Swedish Media Shines Spotlight on Iraqi Refugee Trafficking
Assyrian International News Agency
Stockholm (AINA) -- The plight of Iraqi refugees in Sweden was the main story in the Swedish press yesterday. Göran Johansson, mayor of the second largest city in Sweden, has suggested that all refugees that have been smuggled to Sweden should be deported. The issue of Iraqi refugees and human trafficking was exposed in a three-part documentary series aired in Swedish Radio investigative program Kaliber. According to the Kaliber report:
At least 30 Swedish-based groups smuggle Iraqis to Sweden from Syria and Jordan
More than 200,000 valid Swedish passports that in circulation amongst smugglers
Iraqi G-passports and modern EU-passports from Sweden are skillfully forged
The turn-over for the networks behind the trafficking of Iraqis to Sweden this year will be 200-300 million dollars.
According to UNHCR, the flow of Iraqi refugees to Syria has reversed in the last few weeks; more are going back to Iraq now
Working both in Damascus and Sweden, the Swedish Radios program for investigative journalism, Kaliber, has been able to unveil how the Iraqi refugee trafficking business works.
In Damascus the Assyrian-Swedish investigative journalist Nuri Kino and his colleague Marie-Jeanette Löfgren were offered 10,000 dollars for their Swedish passports. Names of Swedish cities like Södertälje and Boden were common knowledge in refugee circles. For 10-20,000 dollars people are offered a passage from Syria to Sweden, normally via Turkey and Greece. The conditions are often dangerous. One couple the reporters met in Sweden had been forced to walk for many hours one night with the risk of drowning in mud and then put in a reefer truck, where 25 other people were crammed; the refugees were in danger of being suffocated. A man in Damascus planned doing the journey with his 3-year-old in the tank of a tanker truck.

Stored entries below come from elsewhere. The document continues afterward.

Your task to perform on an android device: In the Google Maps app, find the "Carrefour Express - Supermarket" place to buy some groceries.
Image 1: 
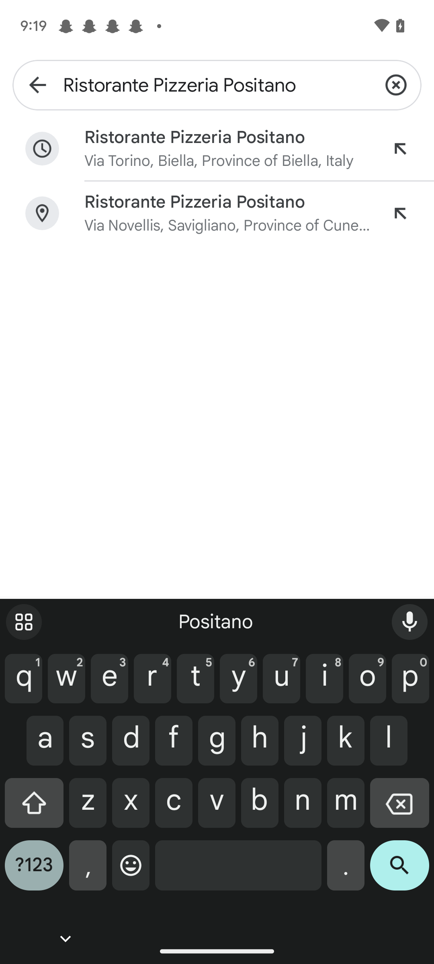
Clear the text
Step 1: click (396, 85)
Image 2: 
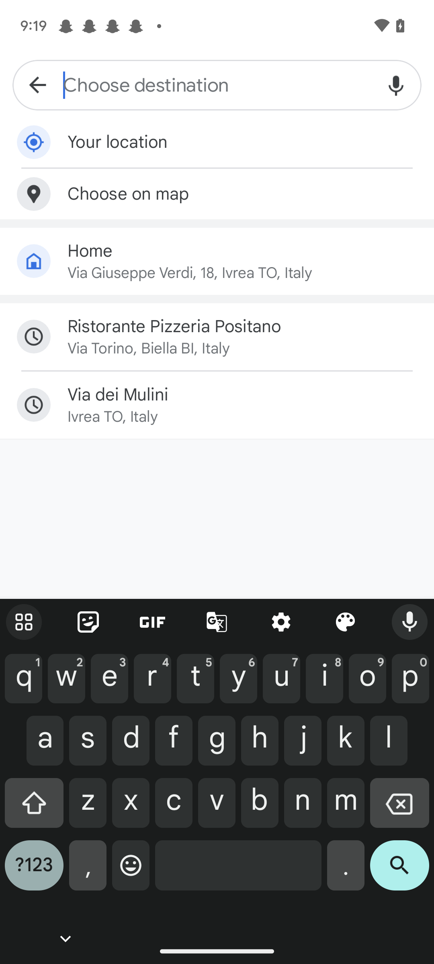
Search for Carrefour Express - Supermarket
Step 2: type "Carrefour Express - Supermarket"
Image 3: 
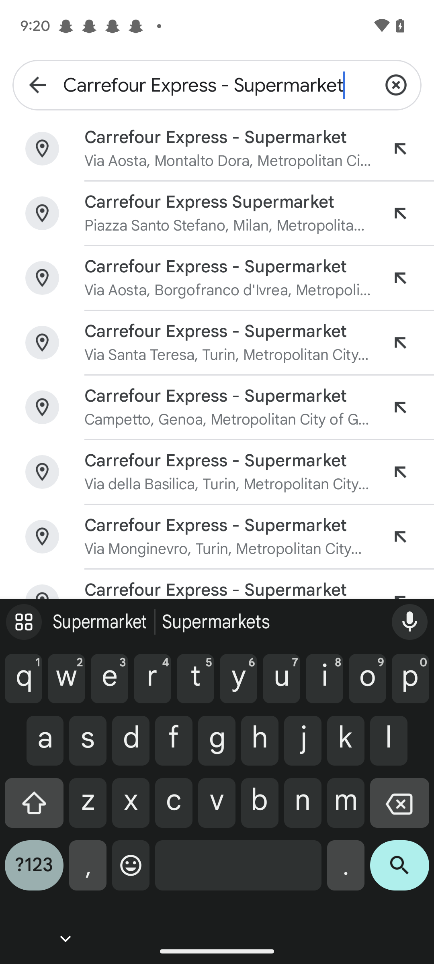
Click on the first suggested result
Step 3: click (216, 137)

Nuri Kino posed as wanting to help a relative get from Iraq to Sweden and was thus able to contact a smuggler in Sweden who assured him to help.
The Swedish Migration Board estimates that 20 000 Iraqis will come illegally to Sweden this year. Being smuggled here costs 10-15,000 dollars, with false identification and travel documents costing extra. The trafficking business is estimated at 200-300 million dollars this year.
Sweden receives most of the Iraqis that come to Europe. According to UNHCR statistics more Iraqis have applied for asylum in Sweden than in the rest of EU combined, 13,989 compared to 13,473 during the period January-September 2007.
The first new Iraqi passports introduced after Saddam Hussein, the so called S-series passports are not recognized anymore since they are too easy to forge. However both the Swedish Embassy in Damascus and the Swedish Police confirm that the widely used, newer G-passports are also being forged. Partly the forgery is made on stolen blank stocks for real passports.
The Swedish Police also state that the Swedish EU-passports produced since 2003 are forged. These are supposed to be safe. The page which describes the holder consists of seven layers, each with different types of hidden information eg holograms or information that must be read with UV-light. The plastic layers should not be possible to separate. Police have not been able to understand how the forgers do it. The few forgeries on the latest generation of biometric passports have so far been easily detected.
Nuri Kino and Marie-Jeanette Löfgren have also been able to establish that all types of documents can be forged; marriage certificates, driver's licenses, army books, stamps, residential permits etc. So sometimes the passport may be real but the residence permit false.
Refugees Going Back
The Kaliber documentary also reported that the European Commission two weeks ago decided to allot half the refugee fund to Sweden, 3.5 million Euros. Four million Iraqis have fled their homes. Most of them to neighboring countries where approximately 2.5 million stay in Jordan and Syria. Until October about 2,000 Iraqis came into Syria every day. Andrew Harper, head of the UNHCR's Iraq Support Team, told the Swedish Radio the situation has completely changed since the last days of October.
Hardly any Iraqis are let into Syria now, perhaps 100 per day. At the same time Iraqis have increasingly started to go back to Iraq. For every Iraqi coming to Syria, two are returning to Iraq, not because it is safe, but because of higher costs in Syria, depletion of refugees' money and the prohibition on Iraqis to work. Syrian authorities have also proclaimed their intent to send Iraqis with expired permits back to Iraq. Mr. Harper criticizes the world community for not helping Syria and says "It [Syria] has cried for help for some time now, and when there has been absolute silence from the international community, they have basically said 1.5 million Iraqis is enough."